By analyzing t-xy phase diagram under different pressures, the viability of PSD was determined. In this work, the basic PSD and four different heat integration PSD processes including PHI-PSD, EPHI-PSD, FHI-PSD, and EFHI-PSD for separating azeotrope of isobutanol and p-xylene were designed and optimized by sequential iterative procedure. TAC, CO2 emissions, and thermodynamic efficiency of these processes were accurately calculated and comprehensively compared. The findings suggest that all the four heat integration PSD processes are able to reduce TAC and CO2 emissions compared with the basic PSD. Simultaneously, they are also capable of enhancing thermodynamic efficiency. The EPHI-PSD and EFHI-PSD processes have more advantages in economy, thermodynamic efficiency, and environmental protection than ordinary PHI-PSD and FHI-PSD. Although the capital cost of FHI-PSD and EFHI-PSD processes is increased in contrast to the basic PSD, the energy costs have obvious reduction, implying these two processes can have good cost savings in the long term. The EPHI-PSD process displays the optimum economy and environmental behavior with 37.0% TAC reduction, 50.1% CO2 emissions reduction, and 97.8% rise in thermodynamic efficiency.
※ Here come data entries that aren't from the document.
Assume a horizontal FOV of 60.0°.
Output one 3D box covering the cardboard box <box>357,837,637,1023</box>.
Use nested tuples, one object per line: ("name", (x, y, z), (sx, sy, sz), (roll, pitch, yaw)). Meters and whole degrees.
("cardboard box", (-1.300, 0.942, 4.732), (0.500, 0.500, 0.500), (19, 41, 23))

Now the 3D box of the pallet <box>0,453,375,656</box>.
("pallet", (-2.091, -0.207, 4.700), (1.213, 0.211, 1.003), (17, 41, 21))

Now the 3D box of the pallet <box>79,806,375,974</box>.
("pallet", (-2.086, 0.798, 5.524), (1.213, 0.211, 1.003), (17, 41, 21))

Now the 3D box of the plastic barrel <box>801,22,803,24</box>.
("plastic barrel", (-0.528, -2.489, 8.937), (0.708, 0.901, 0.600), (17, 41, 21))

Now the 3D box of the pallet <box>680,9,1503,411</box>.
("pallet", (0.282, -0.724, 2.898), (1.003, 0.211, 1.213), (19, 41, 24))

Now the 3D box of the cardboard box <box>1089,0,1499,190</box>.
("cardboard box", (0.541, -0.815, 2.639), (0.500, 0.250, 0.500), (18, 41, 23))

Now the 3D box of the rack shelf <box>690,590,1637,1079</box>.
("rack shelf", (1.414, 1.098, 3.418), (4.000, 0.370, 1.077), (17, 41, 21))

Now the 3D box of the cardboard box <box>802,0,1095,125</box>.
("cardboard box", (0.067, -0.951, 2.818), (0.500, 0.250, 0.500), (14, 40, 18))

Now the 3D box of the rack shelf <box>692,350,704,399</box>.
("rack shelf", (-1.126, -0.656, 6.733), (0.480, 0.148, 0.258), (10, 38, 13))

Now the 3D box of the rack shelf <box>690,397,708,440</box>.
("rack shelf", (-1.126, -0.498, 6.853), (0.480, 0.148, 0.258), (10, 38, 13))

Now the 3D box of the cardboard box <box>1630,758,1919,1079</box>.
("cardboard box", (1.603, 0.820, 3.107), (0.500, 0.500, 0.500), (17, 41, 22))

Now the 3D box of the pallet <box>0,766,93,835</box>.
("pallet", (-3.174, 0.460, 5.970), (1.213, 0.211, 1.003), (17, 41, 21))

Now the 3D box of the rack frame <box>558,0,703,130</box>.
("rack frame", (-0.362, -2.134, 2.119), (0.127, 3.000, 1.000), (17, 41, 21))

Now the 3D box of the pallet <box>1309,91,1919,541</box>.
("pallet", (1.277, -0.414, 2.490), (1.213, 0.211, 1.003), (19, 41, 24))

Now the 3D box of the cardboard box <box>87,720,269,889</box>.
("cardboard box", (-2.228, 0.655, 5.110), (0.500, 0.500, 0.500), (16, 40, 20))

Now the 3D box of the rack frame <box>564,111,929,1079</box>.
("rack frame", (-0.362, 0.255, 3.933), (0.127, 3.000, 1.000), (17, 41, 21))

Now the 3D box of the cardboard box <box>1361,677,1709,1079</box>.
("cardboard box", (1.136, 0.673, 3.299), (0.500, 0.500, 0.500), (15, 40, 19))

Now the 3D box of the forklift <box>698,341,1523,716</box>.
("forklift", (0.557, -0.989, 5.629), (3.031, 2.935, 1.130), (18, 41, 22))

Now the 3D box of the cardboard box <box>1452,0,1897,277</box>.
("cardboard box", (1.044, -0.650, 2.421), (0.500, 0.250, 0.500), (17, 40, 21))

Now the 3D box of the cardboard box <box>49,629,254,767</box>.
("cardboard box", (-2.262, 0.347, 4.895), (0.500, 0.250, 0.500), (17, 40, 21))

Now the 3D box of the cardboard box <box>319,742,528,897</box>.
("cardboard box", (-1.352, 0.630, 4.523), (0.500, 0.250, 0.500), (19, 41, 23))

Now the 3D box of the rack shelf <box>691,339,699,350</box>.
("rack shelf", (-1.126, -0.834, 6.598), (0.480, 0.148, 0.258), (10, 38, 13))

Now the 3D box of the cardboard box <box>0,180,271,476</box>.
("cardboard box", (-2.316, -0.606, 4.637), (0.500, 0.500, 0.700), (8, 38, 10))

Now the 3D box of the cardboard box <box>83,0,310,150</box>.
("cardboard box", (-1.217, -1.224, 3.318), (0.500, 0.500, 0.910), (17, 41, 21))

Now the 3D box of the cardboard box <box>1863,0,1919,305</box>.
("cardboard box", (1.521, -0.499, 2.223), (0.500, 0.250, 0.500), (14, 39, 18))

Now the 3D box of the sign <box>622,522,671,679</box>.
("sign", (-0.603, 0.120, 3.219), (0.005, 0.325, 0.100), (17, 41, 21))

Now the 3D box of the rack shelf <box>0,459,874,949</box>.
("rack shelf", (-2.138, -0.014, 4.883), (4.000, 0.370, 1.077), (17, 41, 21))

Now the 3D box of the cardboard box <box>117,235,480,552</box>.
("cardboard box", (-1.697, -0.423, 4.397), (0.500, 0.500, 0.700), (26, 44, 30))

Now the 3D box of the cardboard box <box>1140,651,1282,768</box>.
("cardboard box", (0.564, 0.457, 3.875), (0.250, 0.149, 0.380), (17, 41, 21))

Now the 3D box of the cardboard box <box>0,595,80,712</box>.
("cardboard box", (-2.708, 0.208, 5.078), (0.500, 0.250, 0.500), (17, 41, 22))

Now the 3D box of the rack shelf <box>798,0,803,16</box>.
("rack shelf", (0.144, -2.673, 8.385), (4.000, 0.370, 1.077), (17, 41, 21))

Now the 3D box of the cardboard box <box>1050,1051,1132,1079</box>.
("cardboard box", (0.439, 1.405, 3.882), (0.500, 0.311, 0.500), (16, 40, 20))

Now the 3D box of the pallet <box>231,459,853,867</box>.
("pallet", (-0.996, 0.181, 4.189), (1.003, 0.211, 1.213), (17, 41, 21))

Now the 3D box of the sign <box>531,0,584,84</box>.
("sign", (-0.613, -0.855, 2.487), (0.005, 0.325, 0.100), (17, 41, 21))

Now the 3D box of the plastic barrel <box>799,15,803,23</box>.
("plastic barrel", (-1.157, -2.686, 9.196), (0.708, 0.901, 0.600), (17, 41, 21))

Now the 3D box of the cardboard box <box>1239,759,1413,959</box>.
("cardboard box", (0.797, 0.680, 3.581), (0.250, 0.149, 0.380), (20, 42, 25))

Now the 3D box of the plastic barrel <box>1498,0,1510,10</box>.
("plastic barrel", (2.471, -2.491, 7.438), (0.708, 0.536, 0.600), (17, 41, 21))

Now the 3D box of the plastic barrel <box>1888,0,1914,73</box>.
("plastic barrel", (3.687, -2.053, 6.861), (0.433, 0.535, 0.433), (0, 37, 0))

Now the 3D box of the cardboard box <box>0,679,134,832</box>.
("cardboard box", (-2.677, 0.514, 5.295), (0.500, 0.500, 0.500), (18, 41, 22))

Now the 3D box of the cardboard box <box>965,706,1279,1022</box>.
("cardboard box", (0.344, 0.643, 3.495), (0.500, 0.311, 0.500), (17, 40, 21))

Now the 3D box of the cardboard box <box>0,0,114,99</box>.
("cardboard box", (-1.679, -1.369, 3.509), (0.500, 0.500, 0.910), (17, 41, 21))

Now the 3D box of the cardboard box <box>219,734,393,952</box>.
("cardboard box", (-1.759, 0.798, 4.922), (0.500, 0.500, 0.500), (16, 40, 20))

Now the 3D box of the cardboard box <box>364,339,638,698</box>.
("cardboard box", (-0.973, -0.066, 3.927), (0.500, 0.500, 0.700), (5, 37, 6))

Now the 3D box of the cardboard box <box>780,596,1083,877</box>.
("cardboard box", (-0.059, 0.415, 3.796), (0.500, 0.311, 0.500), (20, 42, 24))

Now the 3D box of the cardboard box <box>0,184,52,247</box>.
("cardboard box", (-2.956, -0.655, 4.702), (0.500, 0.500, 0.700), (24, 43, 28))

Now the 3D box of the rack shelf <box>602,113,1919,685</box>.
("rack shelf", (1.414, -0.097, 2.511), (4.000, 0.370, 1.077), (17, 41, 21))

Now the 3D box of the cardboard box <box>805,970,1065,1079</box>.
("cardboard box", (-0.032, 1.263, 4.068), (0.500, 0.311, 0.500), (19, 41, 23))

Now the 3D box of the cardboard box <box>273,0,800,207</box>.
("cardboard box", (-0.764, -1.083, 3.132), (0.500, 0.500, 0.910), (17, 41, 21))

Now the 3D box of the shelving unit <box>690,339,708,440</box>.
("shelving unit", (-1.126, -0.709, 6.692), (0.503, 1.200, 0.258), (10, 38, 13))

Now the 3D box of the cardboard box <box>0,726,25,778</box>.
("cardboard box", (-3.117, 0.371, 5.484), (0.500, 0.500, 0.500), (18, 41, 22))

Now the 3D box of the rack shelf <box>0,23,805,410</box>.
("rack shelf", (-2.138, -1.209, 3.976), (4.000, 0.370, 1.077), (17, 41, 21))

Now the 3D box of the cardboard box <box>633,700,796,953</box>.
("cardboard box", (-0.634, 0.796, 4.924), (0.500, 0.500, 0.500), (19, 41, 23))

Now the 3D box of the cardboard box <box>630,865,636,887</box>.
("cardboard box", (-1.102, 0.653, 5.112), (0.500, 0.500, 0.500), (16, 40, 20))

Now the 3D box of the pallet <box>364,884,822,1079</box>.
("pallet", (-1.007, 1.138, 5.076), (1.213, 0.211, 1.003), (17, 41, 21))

However, we need to admit that our design has some limitations. Firstly, when designing these processes, we did not consider the actual tray efficiency, which is an important indicator for evaluating the separation capacity and performance of distillation column. Furthermore, for the purpose of making a more accurate estimation of process TAC, it is necessary to consider the expenditure of the vacuum system. In future studies, we will take these factors into account so as to make the process results more reasonable and closer to actual industry.